_Records provided_
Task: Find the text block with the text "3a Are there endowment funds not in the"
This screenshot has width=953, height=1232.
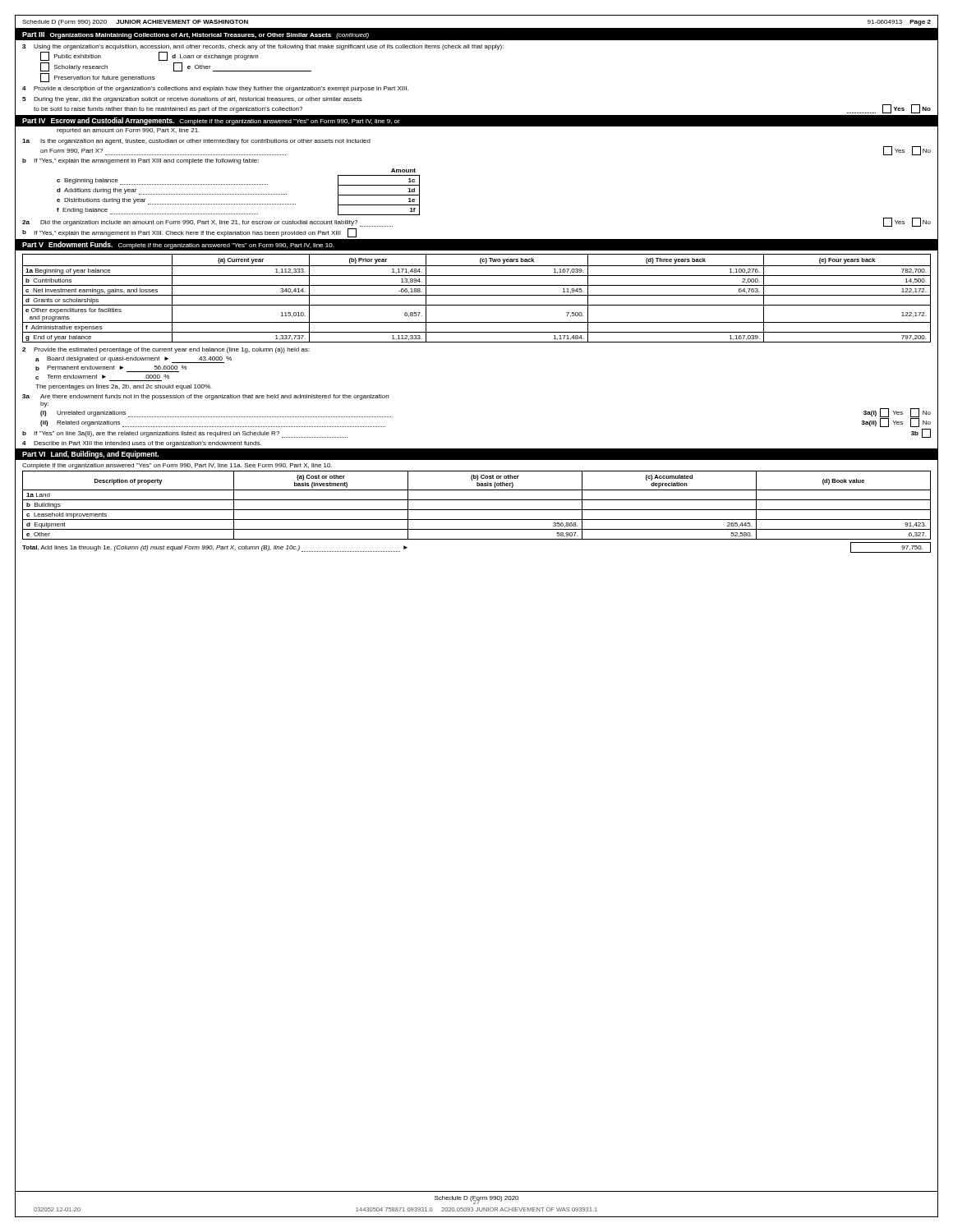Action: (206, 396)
...
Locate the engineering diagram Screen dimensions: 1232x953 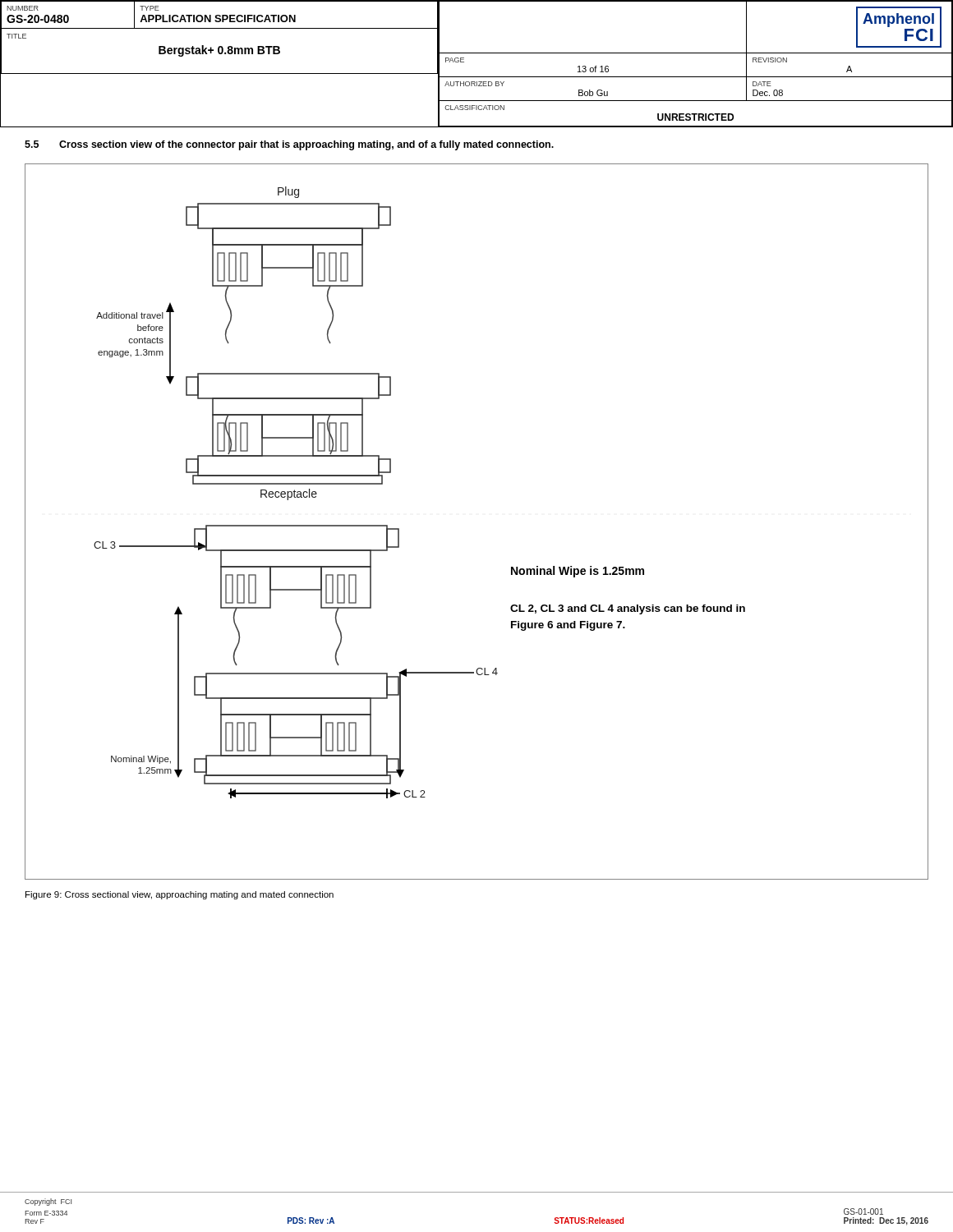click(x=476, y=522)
==
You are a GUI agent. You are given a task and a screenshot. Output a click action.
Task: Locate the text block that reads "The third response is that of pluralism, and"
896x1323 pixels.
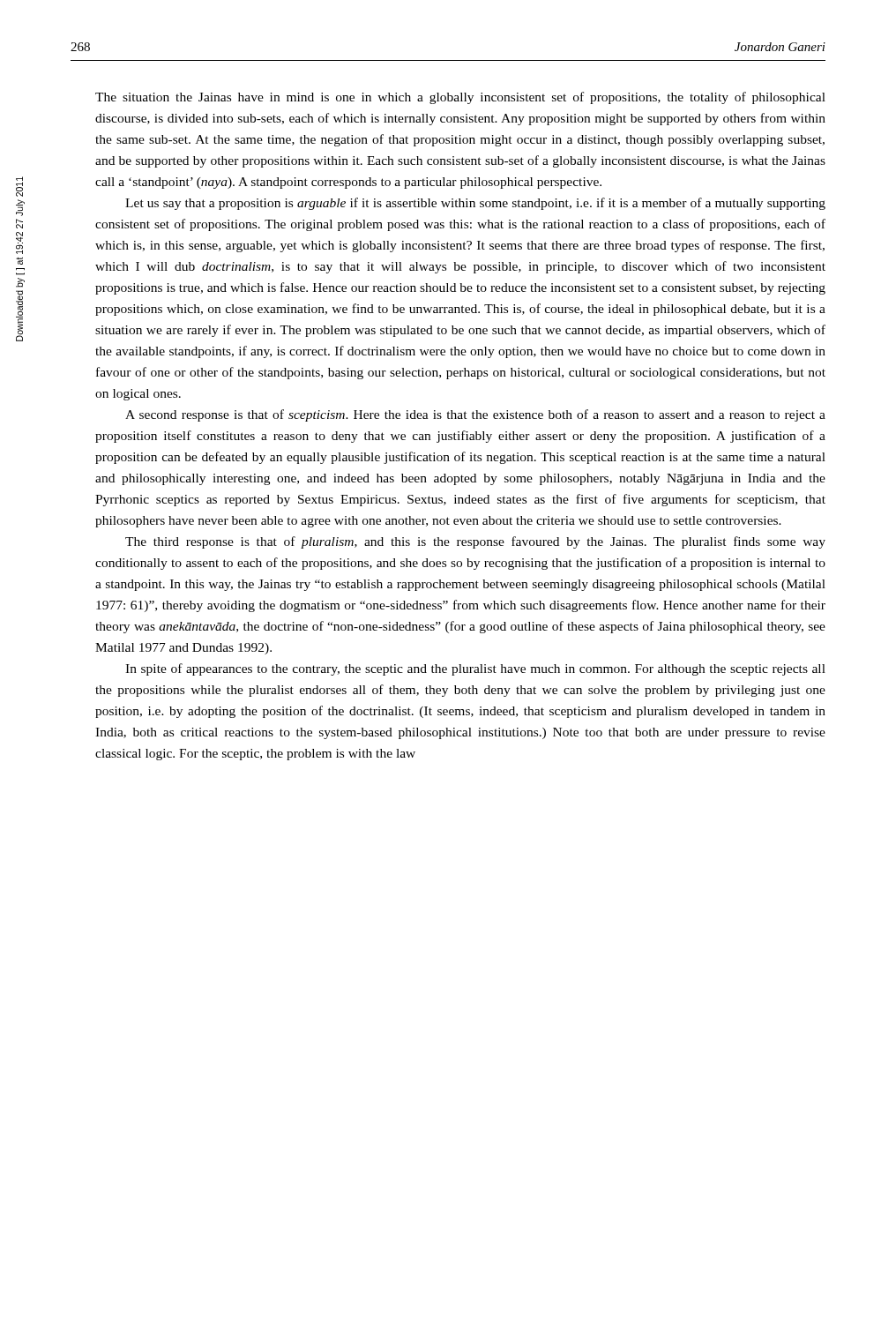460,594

_Exercise directions_
Only the lines with "block" are needed; find them in the records and copy each one.

_Expected answer_
Task: Find the text block with the text "3a Are there endowment funds not in the"
Task: Locate the text block that reads "The third response is that of pluralism, and"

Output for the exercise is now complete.